Open problems in RL

Challenges with core algorithms:

Stability: does your algorithm converge?

Efficiency: how long does it take to converge? (how many samples)

Generalization: after it converges, does it generalize?

Challenges with assumptions:

Is this even the right problem formulation?

What is the source of supervision?

Stability

Devising stable RL algorithms is very hard

Q-learning/value function estimation
- Fitted Q/fitted value methods with deep network function
  - estimators are typically not contractions, hence no guarantee of convergence
- Lots of parameters for stability:
  - target network delay, replay buffer size, clipping, sensitivity to learning rates, etc.

Policy gradient/likelihood ratio/REINFORCE
- Very high variance gradient estimator
- Lots of samples, complex baselines, etc.
- Parameters: batch size, learning rate, design of baseline

Model-based RL algorithms
- Model class and fitting method
- Optimizing policy w.r.t. model non-trivial due to backpropagation through time
- More subtle issue: policy tends to exploit the model

Sample Efficiency

Need to wait for a long time for your homework to finish running

Real-world learning becomes difficult or impractical

Precludes the use of expensive, high-fidelity simulators

Limits applicability to real-world problems

Scaling up deep RL & Generalization

Supervised Learning (with Imagenet)

Large-scale

Emphasizes diversity

Evaluated on generalization

RL:

Small-scale

Emphasizes mastery

Evaluated on performance

Supervision

Where do supervision come from?

For atari games, it is natural for supervision (reward) to come from the game score

But there are other form of supervisions other than rewards that we can potentially incorporate
- Demonstrations
  - Muelling, K et al. (2013). Learning to Select and Generalize Striking Movements in Robot Table Tennis
- Language
  - Andreas et al. (2018). Learning with latent language
- Human preferences
  - Christiano et al. (2017). Deep reinforcement learning from human preferences

Rethinking the problem formulation

How should we define a control problem?
- What is the data?
- What is the goal?
- What is the supervision?
  - may not be the same as the goal...

Think about the assumptions that fit your problem setting!

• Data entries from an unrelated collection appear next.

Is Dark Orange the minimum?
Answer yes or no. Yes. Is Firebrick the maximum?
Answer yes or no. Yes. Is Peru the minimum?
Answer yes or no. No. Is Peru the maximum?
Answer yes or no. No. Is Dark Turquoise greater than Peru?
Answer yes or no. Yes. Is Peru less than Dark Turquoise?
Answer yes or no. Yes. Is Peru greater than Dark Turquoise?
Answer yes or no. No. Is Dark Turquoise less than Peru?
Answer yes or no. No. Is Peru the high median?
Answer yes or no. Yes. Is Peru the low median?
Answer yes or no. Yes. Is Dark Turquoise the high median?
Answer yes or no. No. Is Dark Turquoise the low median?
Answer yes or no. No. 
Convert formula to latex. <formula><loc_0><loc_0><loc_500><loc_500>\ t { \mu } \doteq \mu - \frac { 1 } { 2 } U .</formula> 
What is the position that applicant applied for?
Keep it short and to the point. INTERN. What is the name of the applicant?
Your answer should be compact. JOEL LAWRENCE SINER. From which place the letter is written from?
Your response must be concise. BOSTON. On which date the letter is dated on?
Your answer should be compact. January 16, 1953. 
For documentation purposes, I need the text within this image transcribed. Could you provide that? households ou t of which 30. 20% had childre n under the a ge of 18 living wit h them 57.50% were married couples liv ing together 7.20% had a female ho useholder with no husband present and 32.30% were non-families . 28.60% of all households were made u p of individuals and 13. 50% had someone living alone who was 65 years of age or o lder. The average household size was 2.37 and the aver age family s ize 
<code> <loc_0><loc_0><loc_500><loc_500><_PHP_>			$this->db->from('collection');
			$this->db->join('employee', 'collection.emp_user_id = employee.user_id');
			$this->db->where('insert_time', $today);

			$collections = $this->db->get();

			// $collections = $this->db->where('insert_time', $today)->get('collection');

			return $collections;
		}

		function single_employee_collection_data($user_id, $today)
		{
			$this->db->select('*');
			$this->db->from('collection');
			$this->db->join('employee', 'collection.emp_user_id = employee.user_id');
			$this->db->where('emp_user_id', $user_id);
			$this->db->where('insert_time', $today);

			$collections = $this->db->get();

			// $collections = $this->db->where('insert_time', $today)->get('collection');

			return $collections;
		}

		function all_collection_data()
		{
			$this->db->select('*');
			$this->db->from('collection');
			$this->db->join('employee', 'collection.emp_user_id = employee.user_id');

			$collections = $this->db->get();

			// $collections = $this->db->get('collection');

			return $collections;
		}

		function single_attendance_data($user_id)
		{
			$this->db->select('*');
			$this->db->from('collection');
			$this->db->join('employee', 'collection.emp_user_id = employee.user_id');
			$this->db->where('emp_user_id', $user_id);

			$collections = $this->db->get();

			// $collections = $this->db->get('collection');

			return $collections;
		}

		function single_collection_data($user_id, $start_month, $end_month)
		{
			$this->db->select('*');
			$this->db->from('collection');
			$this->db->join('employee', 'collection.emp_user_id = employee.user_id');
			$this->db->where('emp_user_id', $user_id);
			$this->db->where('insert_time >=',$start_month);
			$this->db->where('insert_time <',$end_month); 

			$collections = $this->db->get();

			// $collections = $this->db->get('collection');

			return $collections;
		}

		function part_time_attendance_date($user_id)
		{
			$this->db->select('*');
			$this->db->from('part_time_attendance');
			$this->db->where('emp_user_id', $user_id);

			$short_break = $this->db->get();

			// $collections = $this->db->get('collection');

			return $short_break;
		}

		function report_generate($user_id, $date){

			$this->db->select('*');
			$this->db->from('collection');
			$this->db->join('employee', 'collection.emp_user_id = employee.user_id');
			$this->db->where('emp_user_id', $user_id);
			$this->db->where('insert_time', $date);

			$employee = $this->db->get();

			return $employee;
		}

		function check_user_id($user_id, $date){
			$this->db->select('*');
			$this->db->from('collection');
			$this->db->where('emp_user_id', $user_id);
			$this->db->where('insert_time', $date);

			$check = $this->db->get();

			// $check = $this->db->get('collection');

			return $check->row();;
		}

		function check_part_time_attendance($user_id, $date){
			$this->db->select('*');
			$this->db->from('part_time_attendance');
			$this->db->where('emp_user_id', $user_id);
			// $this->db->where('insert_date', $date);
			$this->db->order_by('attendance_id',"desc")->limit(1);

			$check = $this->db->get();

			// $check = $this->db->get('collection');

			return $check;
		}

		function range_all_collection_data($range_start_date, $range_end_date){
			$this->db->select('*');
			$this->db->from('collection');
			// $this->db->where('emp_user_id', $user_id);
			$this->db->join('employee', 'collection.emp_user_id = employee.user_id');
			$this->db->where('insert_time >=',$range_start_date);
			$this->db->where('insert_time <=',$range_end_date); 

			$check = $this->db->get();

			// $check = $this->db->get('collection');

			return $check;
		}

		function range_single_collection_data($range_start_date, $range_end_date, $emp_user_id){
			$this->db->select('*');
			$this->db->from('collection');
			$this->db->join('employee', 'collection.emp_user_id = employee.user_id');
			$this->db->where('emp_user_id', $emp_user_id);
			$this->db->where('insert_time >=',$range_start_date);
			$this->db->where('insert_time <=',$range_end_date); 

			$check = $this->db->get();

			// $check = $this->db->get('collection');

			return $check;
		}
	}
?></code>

Don’t assume the basic RL problem is set in stone

Some perspectives

RL as an Engineering Tool
- “Anything you can simulate you can control”
  - Before: characterize, simulate, control
  - Now: characterize, simulate, run RL
- Powerful inversion engine ⇒ but still needs to simulate!

RL as the Real World
- How do we engineer a system that can deal with the unexpected?
  - Minimal external supervision about what to do
  - Unexpected situations that require adaptation
  - Must discover solutions autonomously
- Humans extremely good at this, current AI systems are extremely bad at this
- RL in theory can do this, and nothing else can
  - But we rarely study this kind of setting in RL research
  - “easy universe”
    - Success = high reward
    - close world, rules unknown
    - lots of simulation
    - “Can RL algorithms optimize really well?”
  - “hard universe”
    - success = survival (good enough control)
    - open world, everything must come from data
    - no simulation (rules unknown)
    - “Can RL generalize and adapt?”
- Some questions that come up
  - How do we tell RL algorithms what we want them to do?
  - How can we learn fully autonomously in continual environments?
  - How to remain robust as the world changes around us?
  - What is the right way to generalize using experience & prior data?
  - What’s the right way to bootstrap exploration with prior experience?
  - Can we run fully autonomously?

RL as “Universal” Learning
- "We need machine learning for one reason and one reason only – that’s to produce adaptable and complex decisions.”
- Can we learn from offline data without well-defined tasks?
  - Inspired by large language models learning from internet texts
  - self-supervised learning
  - Chebotar, Hausman, Lu, Xiao, Kalashnikov, Varley, Irpan, Eysenbach, Julian, Finn, Levine. Actionable Models: Unsupervised Offline Reinforcement Learning of Robotic Skills. 2021.